Apple to Overhaul Siri in iOS 27 with Privacy, Personalization Focus

Apple is giving Siri a major overhaul in iOS 27. The update, expected later this year, aims to improve personalization, strengthen privacy, and open the assistant to third-party developers through artificial intelligence. The company hasn't said when the developer beta will drop, but internal work is underway.

What the overhaul targets

Apple wants Siri to feel more personal without collecting more data. That means running more AI processing on the device itself, not in the cloud. The company is also working to let third-party apps hook into Siri more deeply — so a user could, say, ask Siri to book a ride or order coffee without leaving the assistant. The change relies on on-device machine learning, not on shipping user data to Apple's servers.

Privacy is a selling point. Apple has long promoted that it doesn't build user profiles from Siri queries. iOS 27 will double down on that. The assistant will learn preferences and routines locally. The phone, not Apple's cloud, will handle the model training.

Third-party innovation gets a push

Developers have complained for years that Siri is too locked down. iOS 27 aims to answer that. Apple plans to release new APIs that let third-party apps define custom intents.
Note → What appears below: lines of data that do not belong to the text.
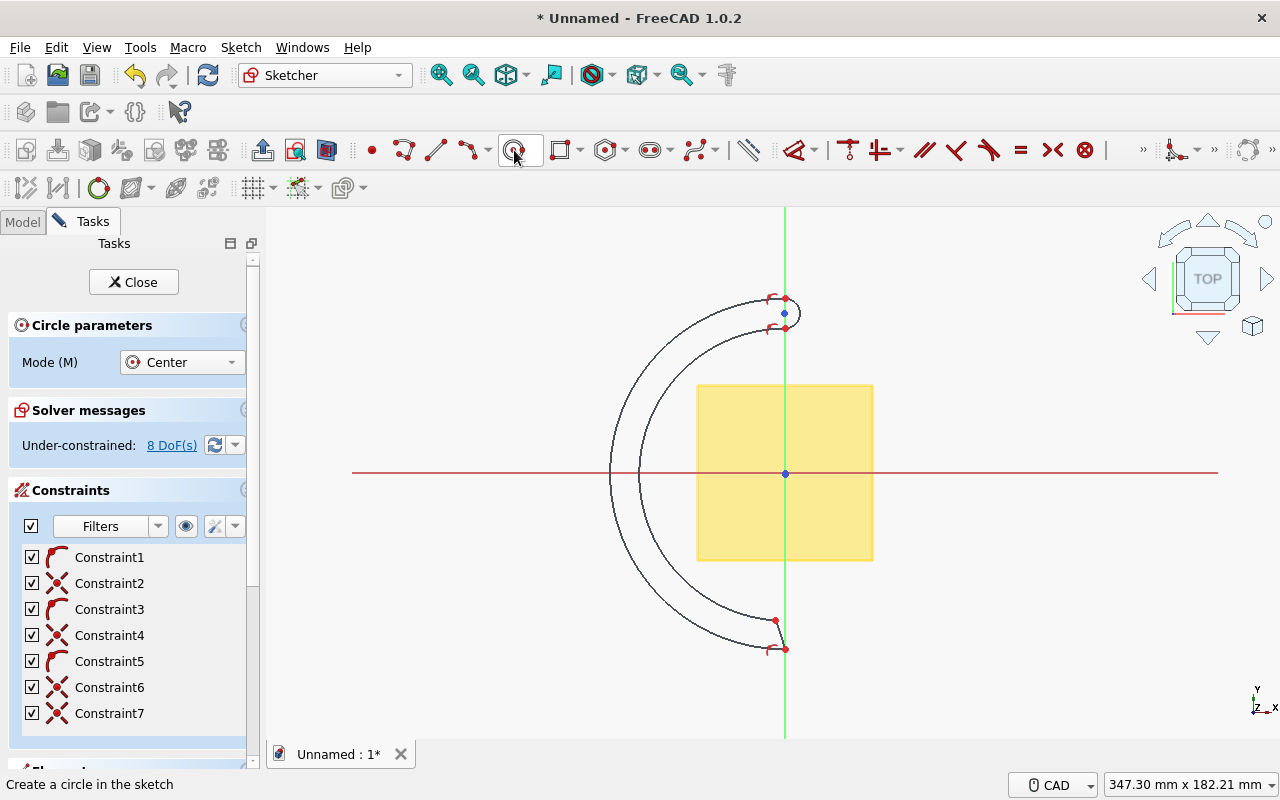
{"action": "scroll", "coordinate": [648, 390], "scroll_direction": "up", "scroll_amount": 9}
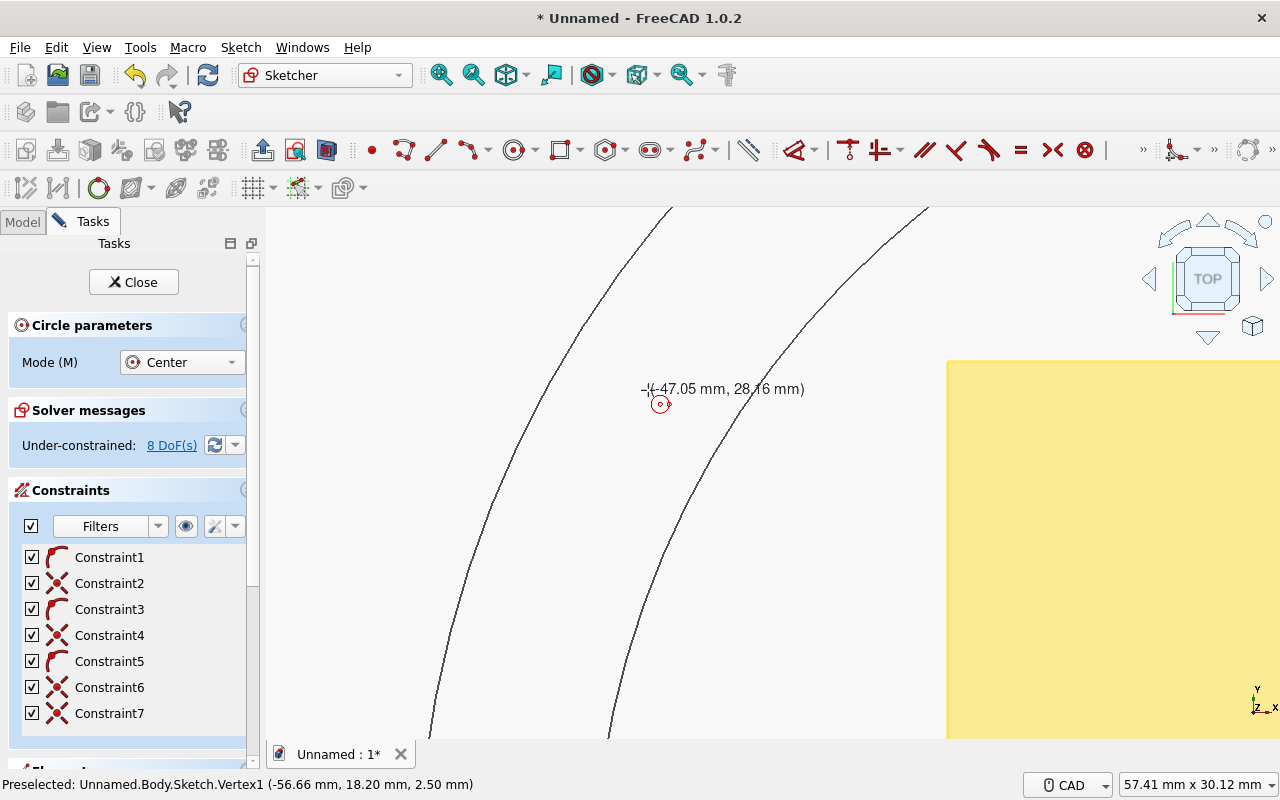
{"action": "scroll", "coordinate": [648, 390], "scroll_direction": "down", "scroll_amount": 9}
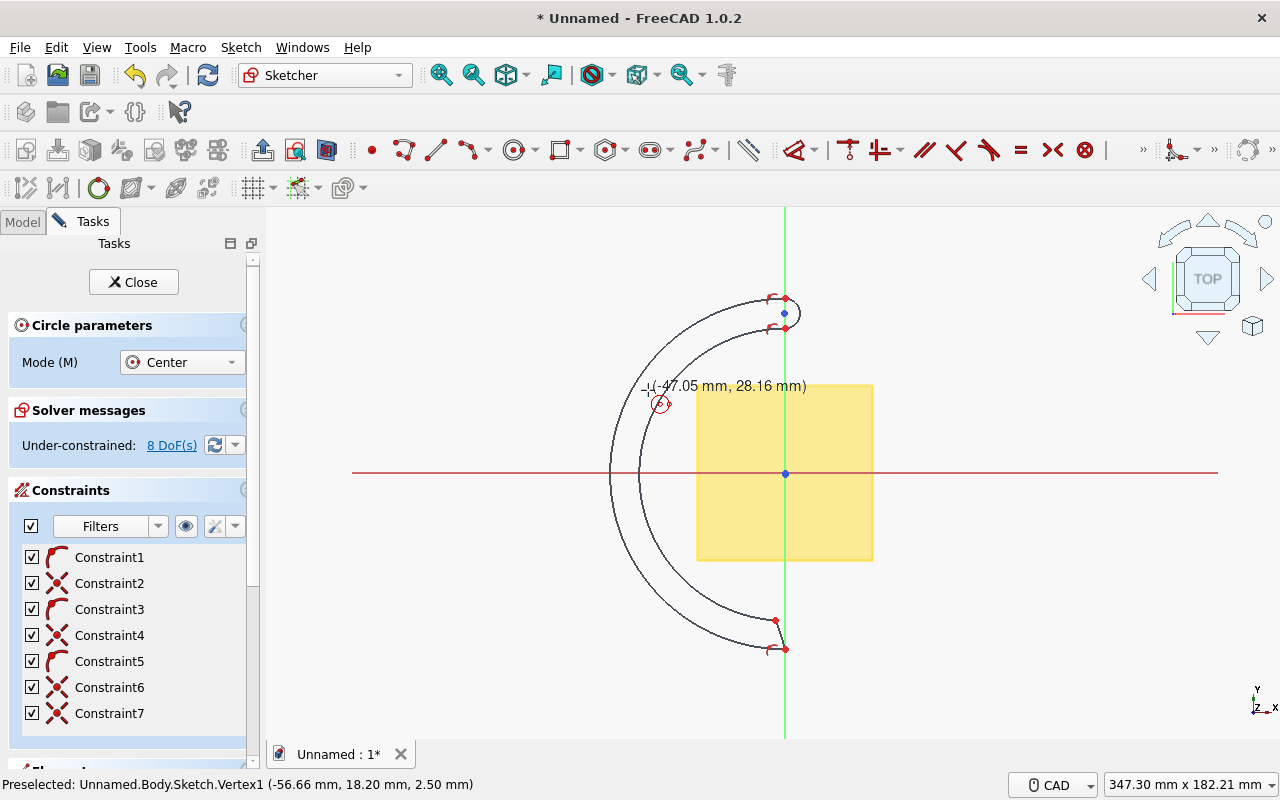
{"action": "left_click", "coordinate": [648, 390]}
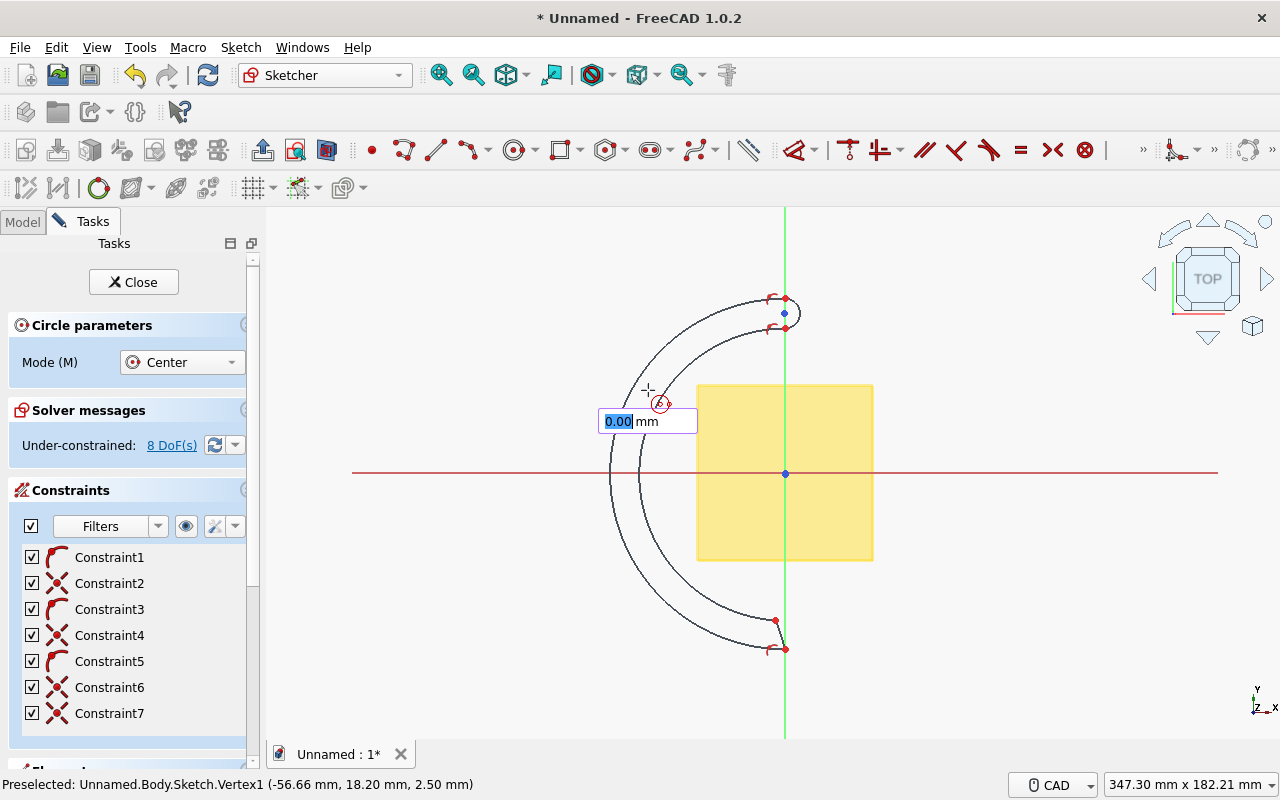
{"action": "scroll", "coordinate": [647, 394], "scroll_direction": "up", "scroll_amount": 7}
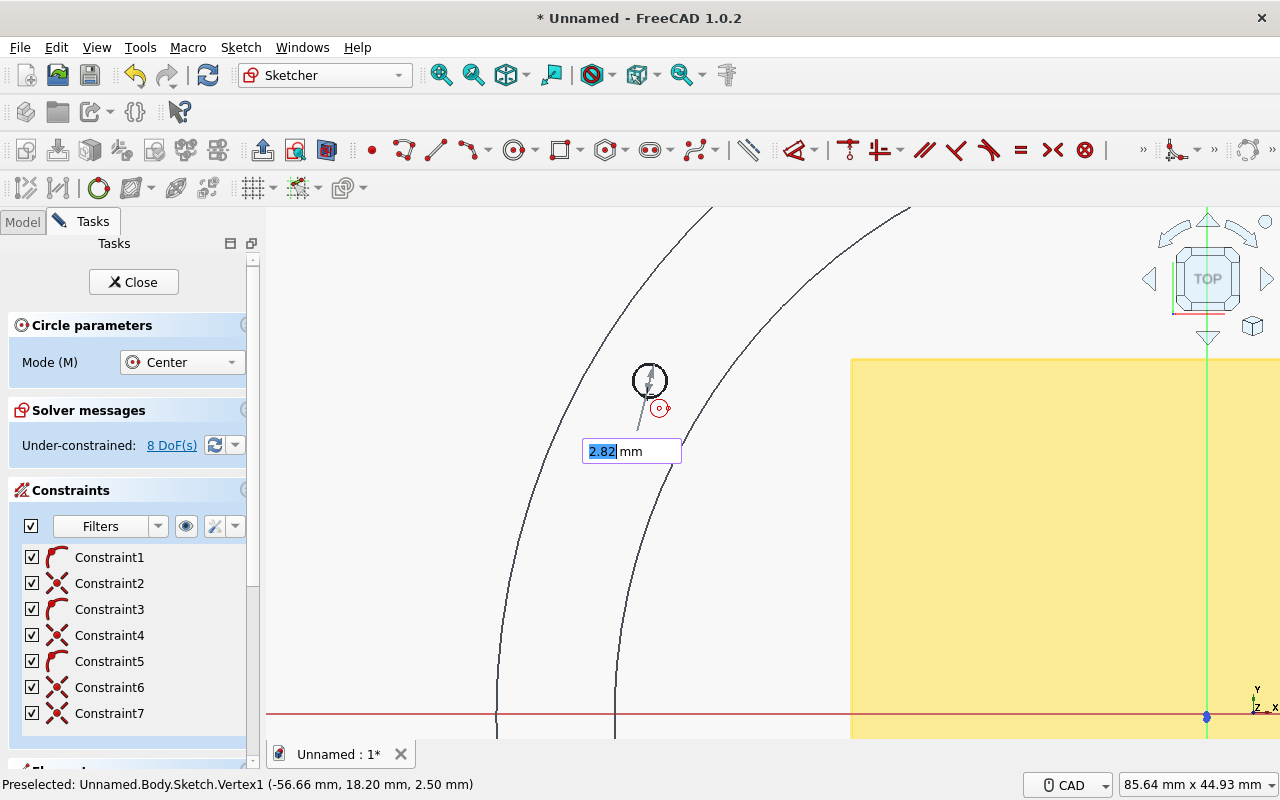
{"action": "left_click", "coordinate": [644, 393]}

A delivery app could let Siri check the status of a package. A music app could start a playlist. The company is betting that more integrations will make Siri useful enough to compete with Alexa and Google Assistant.

Apple hasn't detailed which apps will get early access. But the company typically seeds new APIs at its Worldwide Developers Conference in June.

Why now

Apple is late to the AI assistant race. Siri launched in 2011. Competitors have added smart speakers, visual routines, and generative AI features. Apple's own AI efforts — like the Apple Intelligence suite — have been slow to roll out. The iOS 27 Siri overhaul is part of a broader push to catch up.

The company is also under pressure from regulators to open its platforms. A more flexible Siri could head off antitrust complaints about Apple's tight control over its ecosystem.

Apple has said nothing about a public beta. Developers and users will have to wait until June for details. The question hanging over the overhaul is whether it will deliver enough to change Siri's reputation.